Making a Bioreactor Device
[0040] The bioreactors of the invention are made by selecting a
suitable solid substrate that is capable of conducting an electric
current, and putting one or more types of nanostructured carbon
onto a surface of the substrate. In some aspects, the substrate is
an electrode and will generally be referred to as an "electrode"
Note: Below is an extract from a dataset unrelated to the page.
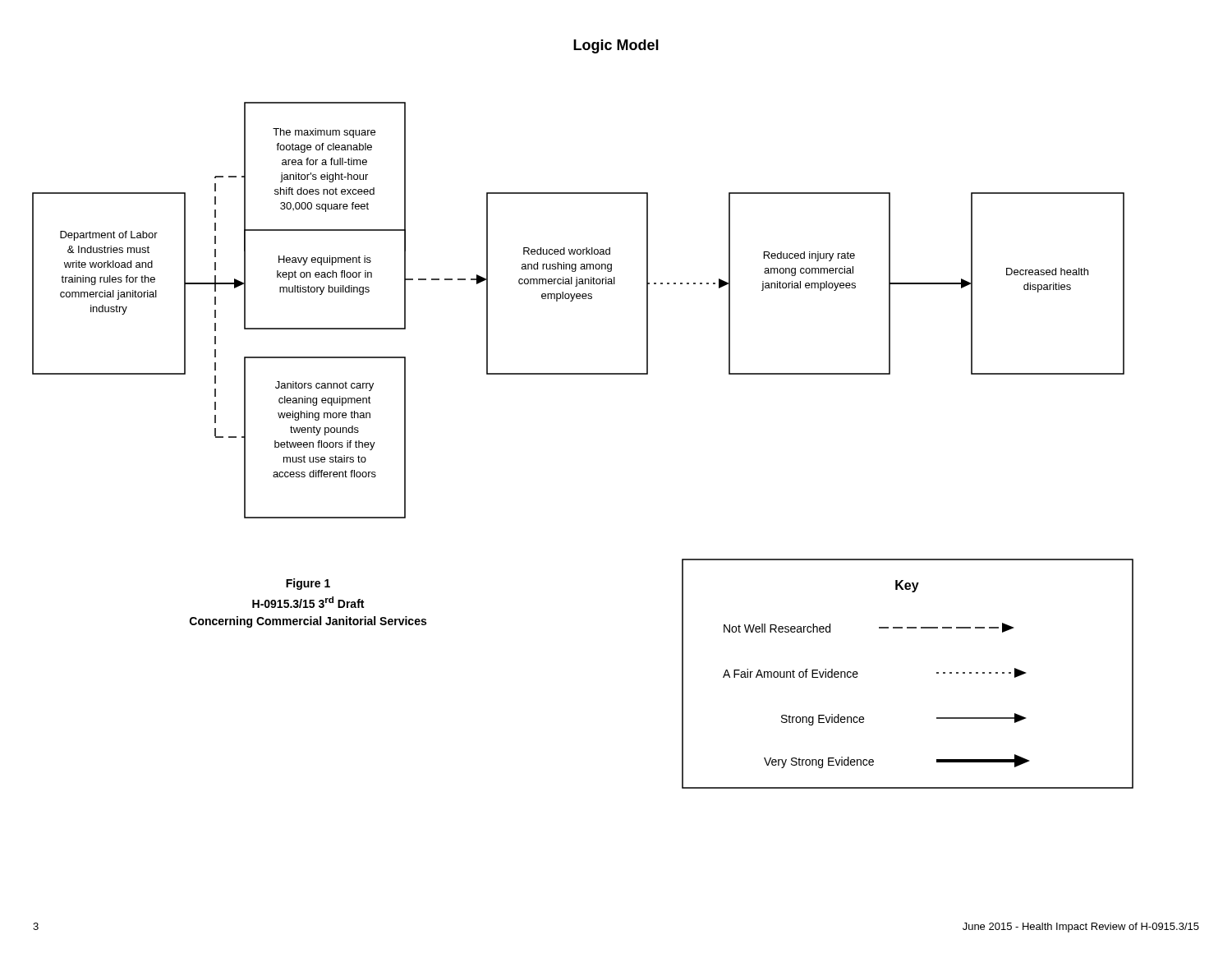1232x953 pixels.
Task: Select the flowchart
Action: click(620, 312)

herein. However, the invention encompasses the use of other
suitable substrates that are capable of conducting an electrical
current, but which may not technically be termed "electrodes". The
electrode may be of any suitable composition and/or type. The one
or more types of nanostructured carbon is put onto the surface of
the substrate by being adsorbed, absorbed, impregnated into, coated
onto or otherwise adhered to the surface by any suitable method
that results in retention of sufficient material on the surface to
receive membrane-bound enzymes, as described below.
[0041] The material that is put onto the electrode is
nanostructured carbon, e.g. is formed from carbon nanoparticles. A
"carbon nanostructure" refers to an artificially composed carbon
structure having at least one dimension that is on a nanometer
scale, e.g. that is less than about 100 nanometers. Exemplary
carbon nanostructures include but are not limited to: graphene
sheets or bent or folded graphene, nanotubes (e.g. armchair,
zig-zag and chiral configurations) which may be singlewalled or
multiwalled, nanocones, nanohorns, fullerenes, various negatively
curved nanostructures, nanofibers, nanoribbons, nanostars, and the
like, and composites thereof such as sulfur composites.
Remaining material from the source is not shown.